▶ **RECORDS SUPPLIED**

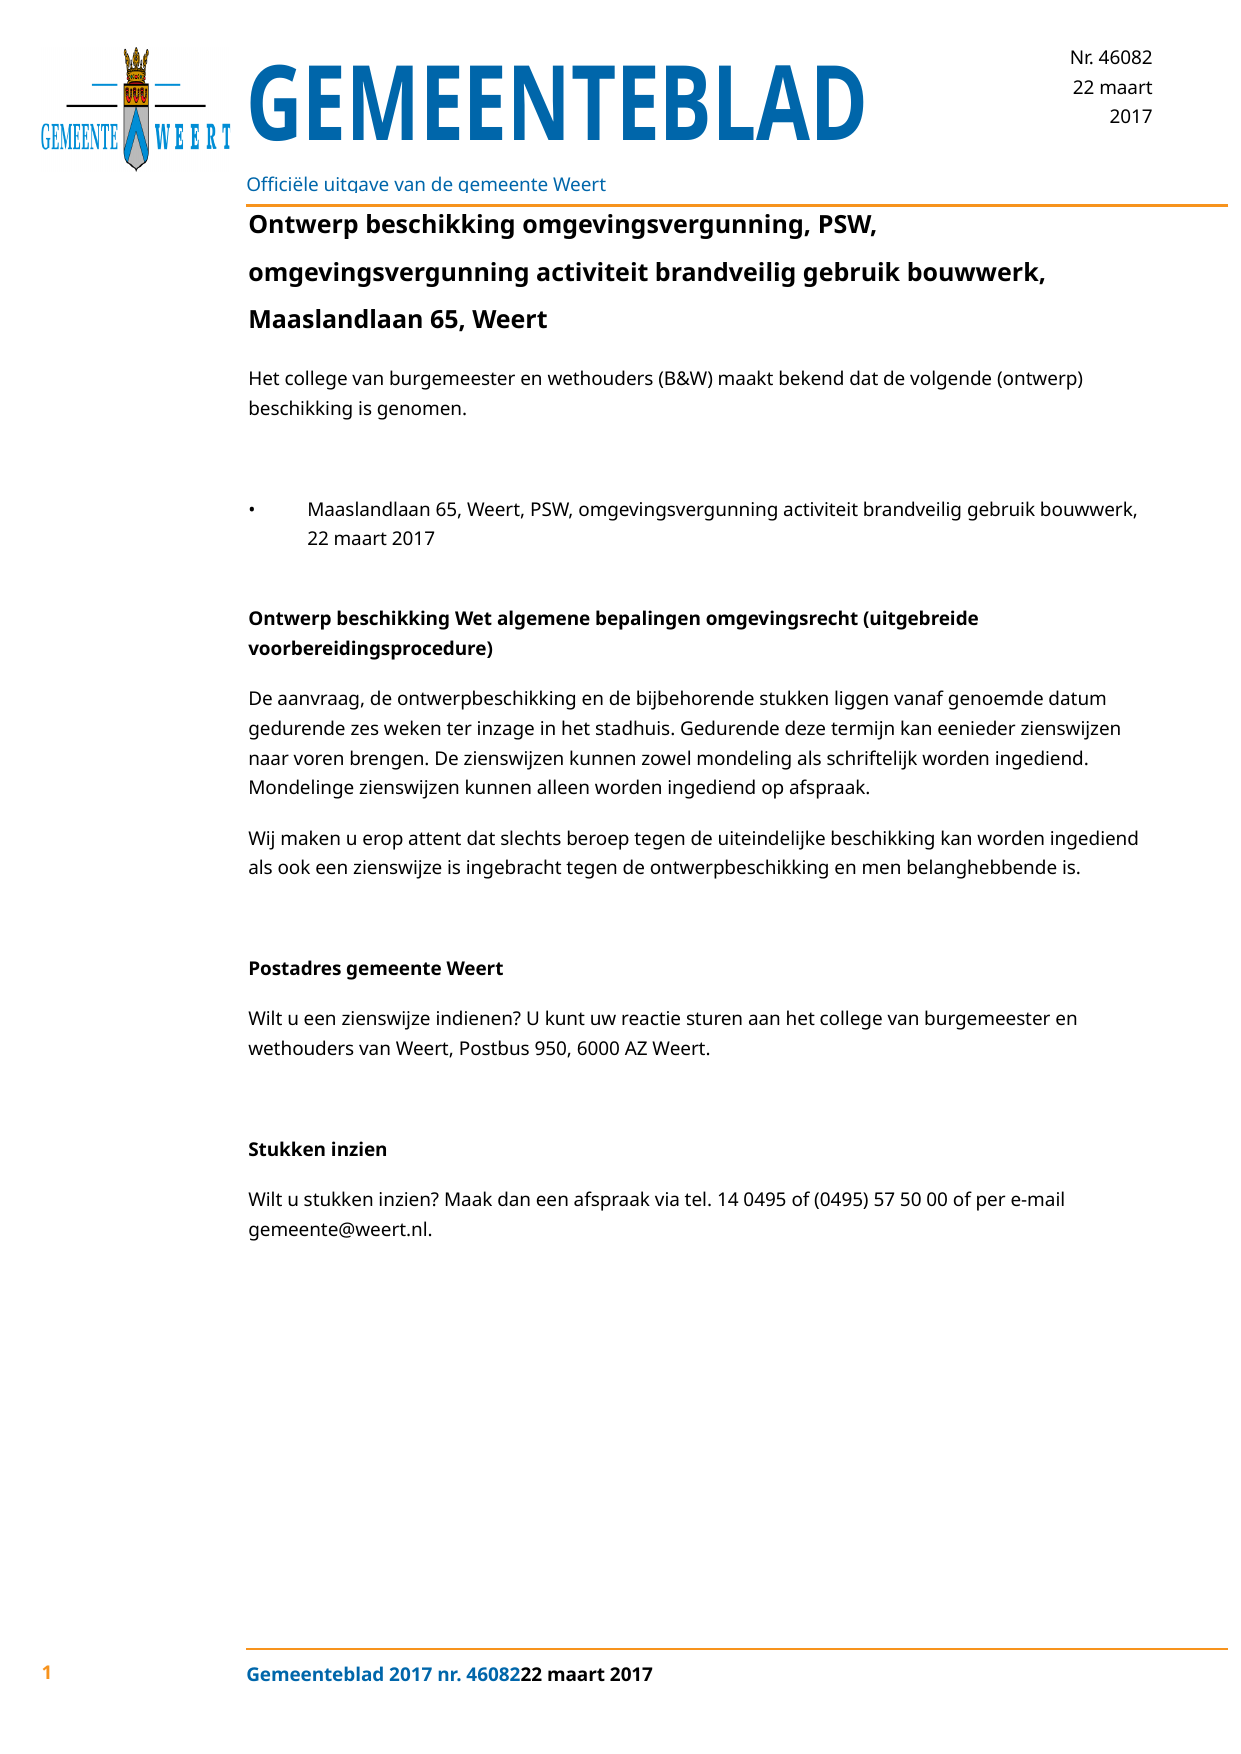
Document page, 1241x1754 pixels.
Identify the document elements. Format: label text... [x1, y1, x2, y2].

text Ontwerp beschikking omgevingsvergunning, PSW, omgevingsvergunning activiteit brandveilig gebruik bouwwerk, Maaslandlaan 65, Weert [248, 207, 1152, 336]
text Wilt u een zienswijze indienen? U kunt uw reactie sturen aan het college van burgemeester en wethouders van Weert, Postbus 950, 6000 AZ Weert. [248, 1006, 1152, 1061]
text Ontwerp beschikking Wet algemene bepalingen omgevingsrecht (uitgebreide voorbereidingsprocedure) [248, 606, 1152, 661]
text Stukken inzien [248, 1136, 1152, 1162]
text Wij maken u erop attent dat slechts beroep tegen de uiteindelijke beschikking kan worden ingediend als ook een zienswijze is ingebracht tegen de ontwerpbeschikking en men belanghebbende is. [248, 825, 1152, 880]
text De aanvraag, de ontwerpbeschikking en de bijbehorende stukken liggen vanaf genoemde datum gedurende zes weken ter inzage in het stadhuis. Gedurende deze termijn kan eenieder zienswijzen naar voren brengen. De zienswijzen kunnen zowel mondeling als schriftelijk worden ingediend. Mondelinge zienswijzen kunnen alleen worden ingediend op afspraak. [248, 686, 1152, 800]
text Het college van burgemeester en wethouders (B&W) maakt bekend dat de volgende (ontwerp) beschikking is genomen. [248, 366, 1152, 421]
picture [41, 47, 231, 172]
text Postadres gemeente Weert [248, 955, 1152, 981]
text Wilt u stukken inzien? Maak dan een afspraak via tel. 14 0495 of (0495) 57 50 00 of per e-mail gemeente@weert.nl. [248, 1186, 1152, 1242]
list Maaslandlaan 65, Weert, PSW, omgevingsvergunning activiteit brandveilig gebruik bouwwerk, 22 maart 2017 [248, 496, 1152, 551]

* * *

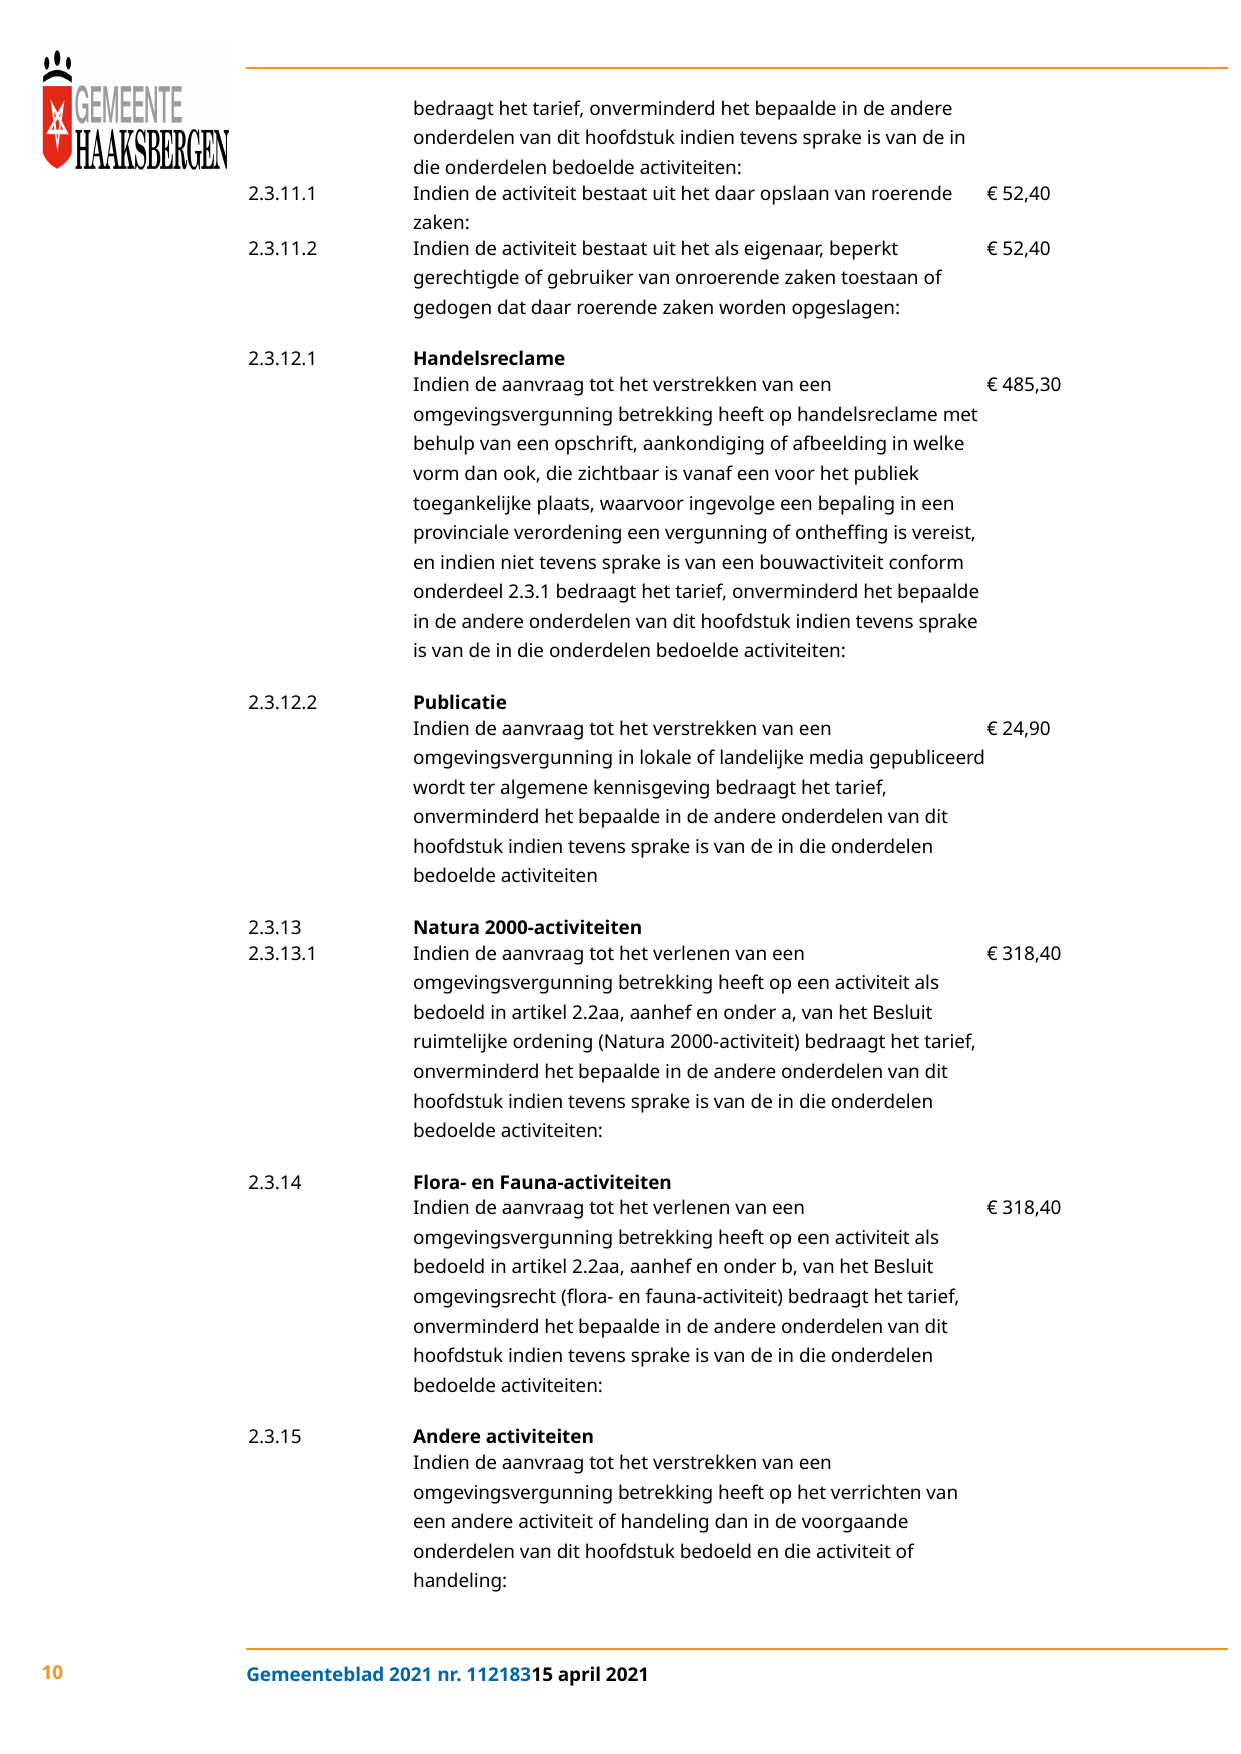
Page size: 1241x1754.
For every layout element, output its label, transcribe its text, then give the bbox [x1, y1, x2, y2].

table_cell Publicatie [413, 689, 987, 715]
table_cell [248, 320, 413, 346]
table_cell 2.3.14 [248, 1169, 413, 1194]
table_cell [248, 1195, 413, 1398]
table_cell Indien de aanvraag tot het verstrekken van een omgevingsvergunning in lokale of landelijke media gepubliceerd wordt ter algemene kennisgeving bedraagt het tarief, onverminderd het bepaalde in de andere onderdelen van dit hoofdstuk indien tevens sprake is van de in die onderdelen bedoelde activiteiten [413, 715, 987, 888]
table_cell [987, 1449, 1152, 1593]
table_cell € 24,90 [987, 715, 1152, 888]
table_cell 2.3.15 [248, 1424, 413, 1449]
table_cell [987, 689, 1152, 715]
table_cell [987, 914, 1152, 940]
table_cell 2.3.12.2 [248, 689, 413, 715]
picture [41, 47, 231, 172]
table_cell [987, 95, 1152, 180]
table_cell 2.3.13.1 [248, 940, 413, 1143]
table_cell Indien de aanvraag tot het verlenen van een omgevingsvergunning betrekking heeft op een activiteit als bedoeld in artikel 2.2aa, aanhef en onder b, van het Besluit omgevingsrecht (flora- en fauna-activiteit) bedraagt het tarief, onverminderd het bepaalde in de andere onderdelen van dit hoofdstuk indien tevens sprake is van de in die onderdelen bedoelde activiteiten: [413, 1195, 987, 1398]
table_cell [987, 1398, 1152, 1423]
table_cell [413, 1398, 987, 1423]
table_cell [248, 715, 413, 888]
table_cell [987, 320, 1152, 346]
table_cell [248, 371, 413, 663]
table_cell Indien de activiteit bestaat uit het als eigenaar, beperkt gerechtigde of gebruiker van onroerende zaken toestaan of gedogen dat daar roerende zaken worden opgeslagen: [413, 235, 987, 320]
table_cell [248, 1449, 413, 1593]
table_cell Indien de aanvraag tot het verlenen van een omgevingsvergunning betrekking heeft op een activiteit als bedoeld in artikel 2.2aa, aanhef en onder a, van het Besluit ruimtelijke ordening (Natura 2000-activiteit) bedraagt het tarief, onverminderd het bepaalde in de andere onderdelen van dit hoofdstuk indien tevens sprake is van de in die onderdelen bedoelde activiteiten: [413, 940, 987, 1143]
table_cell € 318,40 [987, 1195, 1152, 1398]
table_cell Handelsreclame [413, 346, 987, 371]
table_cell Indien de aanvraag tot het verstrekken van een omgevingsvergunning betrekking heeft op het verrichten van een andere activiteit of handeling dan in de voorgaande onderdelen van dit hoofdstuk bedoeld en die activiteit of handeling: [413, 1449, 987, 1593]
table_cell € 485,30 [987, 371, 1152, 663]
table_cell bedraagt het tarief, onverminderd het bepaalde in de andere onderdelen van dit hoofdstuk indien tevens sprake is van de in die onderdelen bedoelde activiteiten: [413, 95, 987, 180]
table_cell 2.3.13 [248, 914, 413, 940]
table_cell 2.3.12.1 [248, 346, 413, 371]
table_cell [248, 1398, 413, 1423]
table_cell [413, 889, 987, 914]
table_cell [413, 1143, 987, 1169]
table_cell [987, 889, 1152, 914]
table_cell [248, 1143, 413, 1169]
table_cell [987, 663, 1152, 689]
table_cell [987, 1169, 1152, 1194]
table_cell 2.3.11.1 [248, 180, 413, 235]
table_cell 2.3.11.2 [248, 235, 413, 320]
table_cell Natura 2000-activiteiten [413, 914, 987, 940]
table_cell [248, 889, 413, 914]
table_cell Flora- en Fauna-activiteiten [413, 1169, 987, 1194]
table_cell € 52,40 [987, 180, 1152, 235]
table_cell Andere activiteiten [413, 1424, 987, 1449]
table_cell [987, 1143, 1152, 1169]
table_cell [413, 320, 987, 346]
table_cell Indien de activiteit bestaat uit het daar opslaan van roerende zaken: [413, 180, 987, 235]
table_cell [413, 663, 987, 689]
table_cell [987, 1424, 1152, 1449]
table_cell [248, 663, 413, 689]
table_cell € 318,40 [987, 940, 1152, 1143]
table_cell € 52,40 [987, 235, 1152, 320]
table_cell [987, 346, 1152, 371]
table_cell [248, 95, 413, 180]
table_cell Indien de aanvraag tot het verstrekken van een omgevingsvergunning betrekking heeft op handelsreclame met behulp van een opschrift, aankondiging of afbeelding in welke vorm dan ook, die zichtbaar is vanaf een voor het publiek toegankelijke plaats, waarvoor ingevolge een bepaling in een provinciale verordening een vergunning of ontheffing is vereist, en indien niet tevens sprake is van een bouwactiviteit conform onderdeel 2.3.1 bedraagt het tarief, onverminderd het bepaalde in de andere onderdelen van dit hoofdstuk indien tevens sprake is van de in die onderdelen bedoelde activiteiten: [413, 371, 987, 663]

--

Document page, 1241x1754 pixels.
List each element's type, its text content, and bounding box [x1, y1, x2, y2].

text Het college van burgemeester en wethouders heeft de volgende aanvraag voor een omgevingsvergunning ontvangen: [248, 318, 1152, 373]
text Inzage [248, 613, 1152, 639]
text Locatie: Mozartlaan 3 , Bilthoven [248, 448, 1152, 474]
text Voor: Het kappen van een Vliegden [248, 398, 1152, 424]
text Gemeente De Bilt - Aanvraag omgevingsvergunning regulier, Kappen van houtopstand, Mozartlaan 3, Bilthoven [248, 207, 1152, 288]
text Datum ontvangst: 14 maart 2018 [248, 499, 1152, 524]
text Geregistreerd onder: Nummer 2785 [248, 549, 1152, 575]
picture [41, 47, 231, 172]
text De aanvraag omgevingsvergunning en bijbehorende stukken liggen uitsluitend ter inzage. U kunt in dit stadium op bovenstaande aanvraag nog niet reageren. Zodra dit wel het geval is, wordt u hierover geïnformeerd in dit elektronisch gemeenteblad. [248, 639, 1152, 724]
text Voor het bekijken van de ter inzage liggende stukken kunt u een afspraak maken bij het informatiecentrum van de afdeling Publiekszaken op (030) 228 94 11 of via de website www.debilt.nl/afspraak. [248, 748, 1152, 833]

▶ **TRY IT**
Search the material above for the word "omgevingsrecht", then copy each line that holds it.

▶ **YOUR RESPONSE**
text Ontwerp beschikking Wet algemene bepalingen omgevingsrecht (uitgebreide voorbereidingsprocedure) [248, 606, 1152, 661]
table_cell Indien de aanvraag tot het verlenen van een omgevingsvergunning betrekking heeft op een activiteit als bedoeld in artikel 2.2aa, aanhef en onder b, van het Besluit omgevingsrecht (flora- en fauna-activiteit) bedraagt het tarief, onverminderd het bepaalde in de andere onderdelen van dit hoofdstuk indien tevens sprake is van de in die onderdelen bedoelde activiteiten: [413, 1195, 987, 1398]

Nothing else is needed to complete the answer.